### TASK PROMPT
Could you output, word for word, only the lines from the line with "The horizontal FOV" to the end of the entries, including both ends? Omit the pictures.

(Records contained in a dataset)
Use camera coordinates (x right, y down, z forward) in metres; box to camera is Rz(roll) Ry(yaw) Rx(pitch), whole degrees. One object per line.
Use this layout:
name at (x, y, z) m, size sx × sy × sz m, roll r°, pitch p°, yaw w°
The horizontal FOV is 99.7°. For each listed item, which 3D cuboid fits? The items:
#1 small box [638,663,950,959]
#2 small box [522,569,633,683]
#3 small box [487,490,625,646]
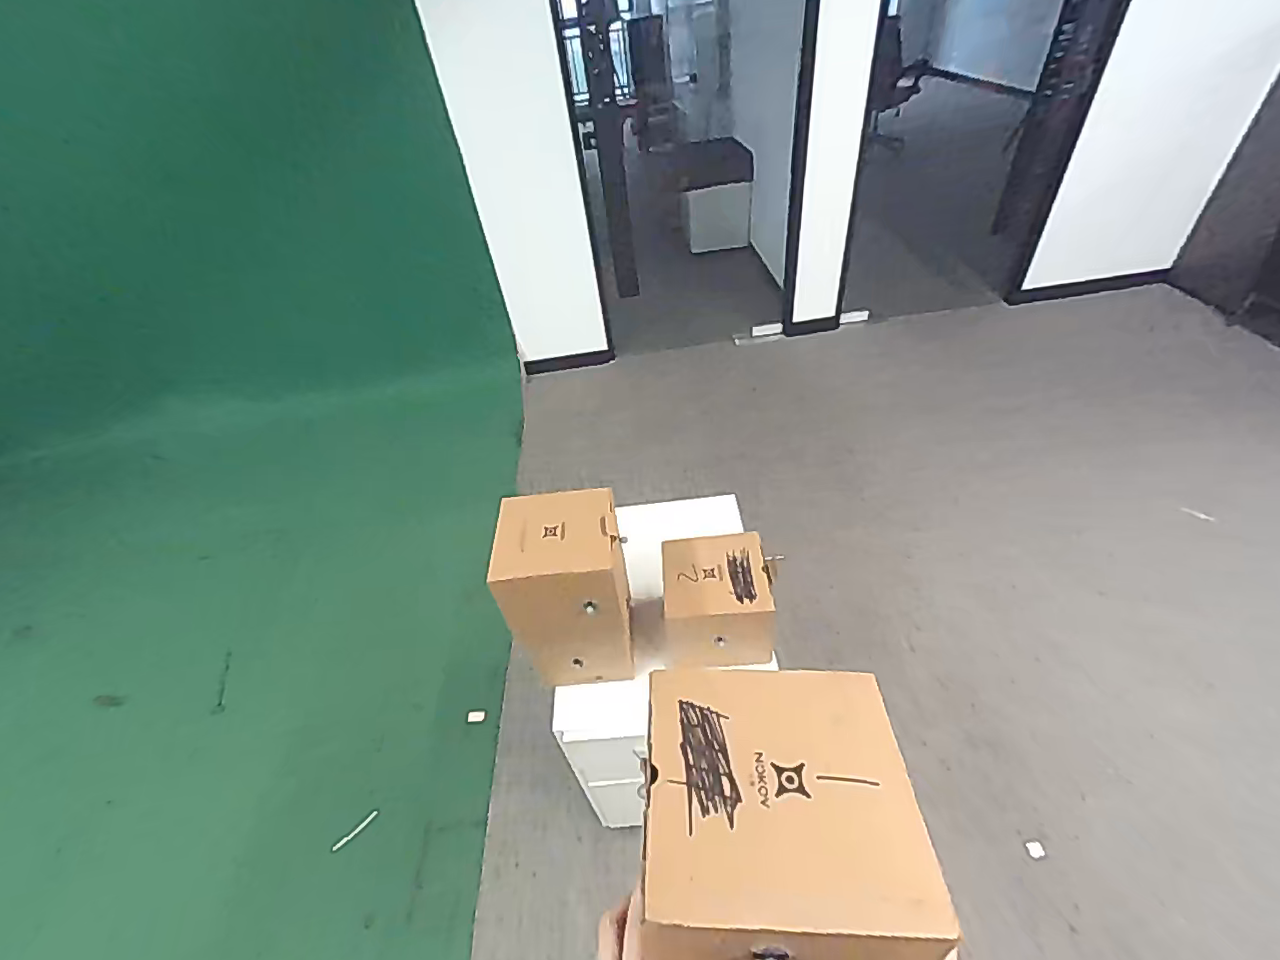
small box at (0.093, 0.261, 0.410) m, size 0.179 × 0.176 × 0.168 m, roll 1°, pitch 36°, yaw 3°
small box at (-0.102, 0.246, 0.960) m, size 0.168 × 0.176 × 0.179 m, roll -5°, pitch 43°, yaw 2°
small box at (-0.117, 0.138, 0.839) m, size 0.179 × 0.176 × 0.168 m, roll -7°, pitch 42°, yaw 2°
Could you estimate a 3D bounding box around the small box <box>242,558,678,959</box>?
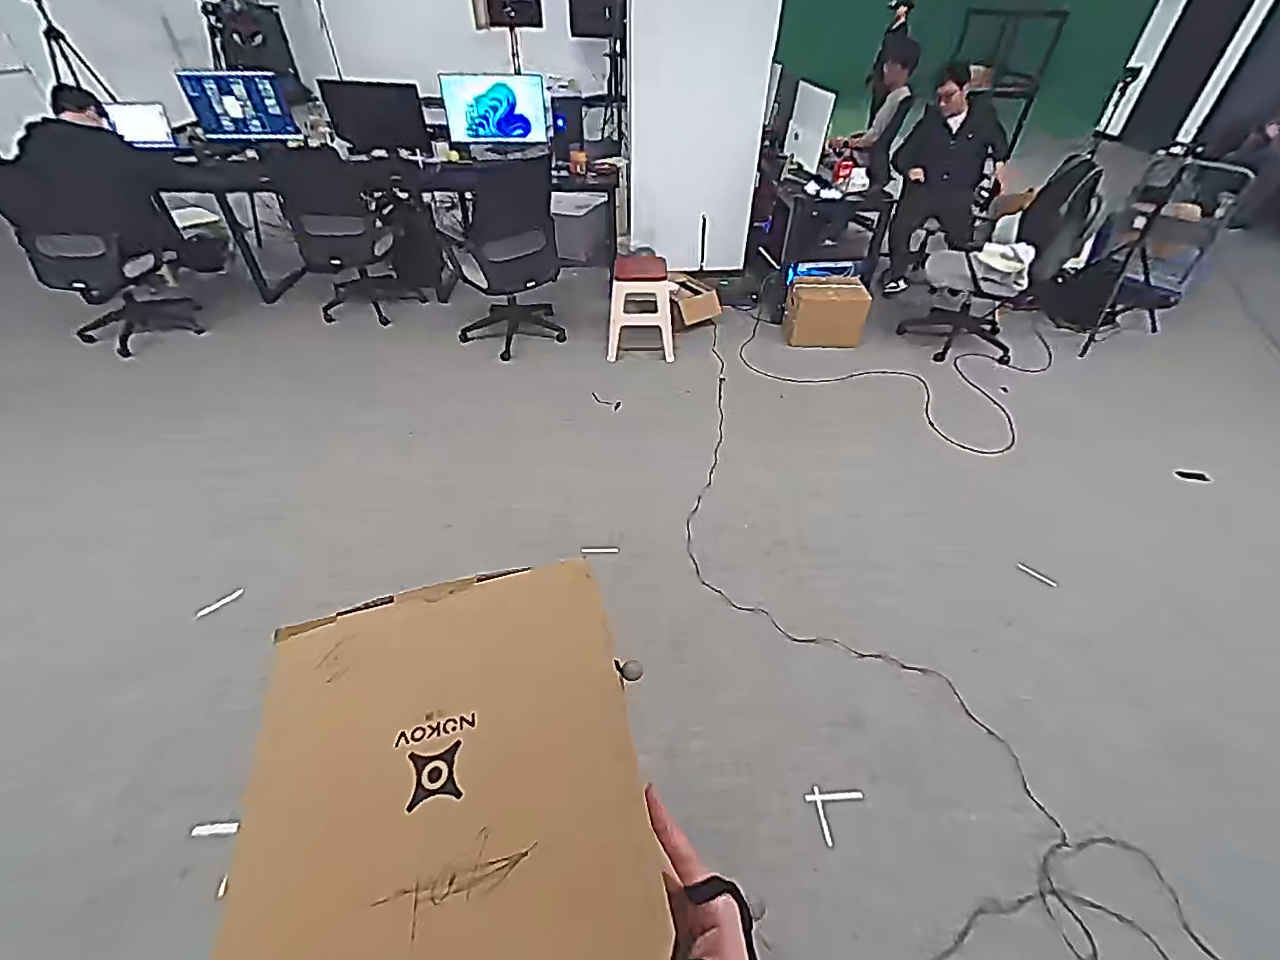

### ANSWER BOX
The horizontal FOV is 99.7°. For each listed item, which 3D cuboid fits? The items:
#1 small box [638,663,950,959]
#2 small box [522,569,633,683]
#3 small box [487,490,625,646]
small box at (0.093, 0.261, 0.410) m, size 0.179 × 0.176 × 0.168 m, roll 1°, pitch 36°, yaw 3°
small box at (-0.102, 0.246, 0.960) m, size 0.168 × 0.176 × 0.179 m, roll -5°, pitch 43°, yaw 2°
small box at (-0.117, 0.138, 0.839) m, size 0.179 × 0.176 × 0.168 m, roll -7°, pitch 42°, yaw 2°
Could you estimate a 3D bounding box around the small box <box>242,558,678,959</box>?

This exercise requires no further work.